Isolate every line in the data with the string "followed" and copy it.

Stored dataset items:
· · · ·

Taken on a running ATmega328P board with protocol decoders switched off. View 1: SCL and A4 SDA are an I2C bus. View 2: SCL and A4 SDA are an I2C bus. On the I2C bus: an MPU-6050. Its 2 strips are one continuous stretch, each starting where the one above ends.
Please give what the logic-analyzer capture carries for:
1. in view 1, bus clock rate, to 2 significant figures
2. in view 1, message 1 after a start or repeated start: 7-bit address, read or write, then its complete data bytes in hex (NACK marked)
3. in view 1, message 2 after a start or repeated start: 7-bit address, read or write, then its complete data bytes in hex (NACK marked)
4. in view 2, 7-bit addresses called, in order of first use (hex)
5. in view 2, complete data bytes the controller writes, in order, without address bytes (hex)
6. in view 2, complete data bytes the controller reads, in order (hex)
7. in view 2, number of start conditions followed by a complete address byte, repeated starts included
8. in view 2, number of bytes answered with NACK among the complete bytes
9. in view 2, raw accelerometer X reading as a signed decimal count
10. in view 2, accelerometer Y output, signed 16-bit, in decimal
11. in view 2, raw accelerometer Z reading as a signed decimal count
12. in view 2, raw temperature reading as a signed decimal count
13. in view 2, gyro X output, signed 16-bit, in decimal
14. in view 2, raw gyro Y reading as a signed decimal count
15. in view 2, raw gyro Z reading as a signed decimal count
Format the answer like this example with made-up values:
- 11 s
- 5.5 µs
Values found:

· · · ·

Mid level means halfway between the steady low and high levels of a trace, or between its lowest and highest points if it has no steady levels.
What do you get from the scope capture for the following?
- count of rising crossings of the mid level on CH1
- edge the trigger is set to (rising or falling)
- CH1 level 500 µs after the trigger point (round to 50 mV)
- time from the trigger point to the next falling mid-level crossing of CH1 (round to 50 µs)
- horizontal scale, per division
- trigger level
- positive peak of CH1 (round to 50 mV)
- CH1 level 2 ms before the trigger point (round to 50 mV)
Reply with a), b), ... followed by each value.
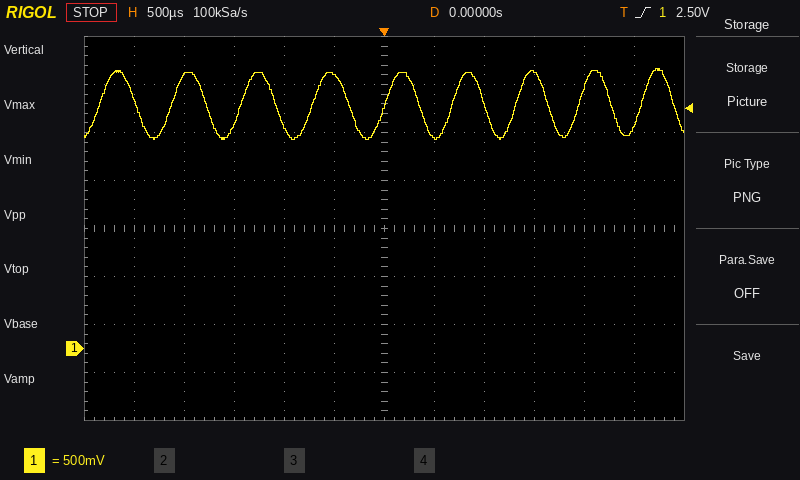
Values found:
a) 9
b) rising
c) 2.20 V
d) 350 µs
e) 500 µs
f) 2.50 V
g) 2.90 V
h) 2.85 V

· · · ·

> [TASK OUTPUT]
7. in view 2, number of start conditions followed by a complete address byte, repeated starts included
Reply with a), b), ... followed by each value.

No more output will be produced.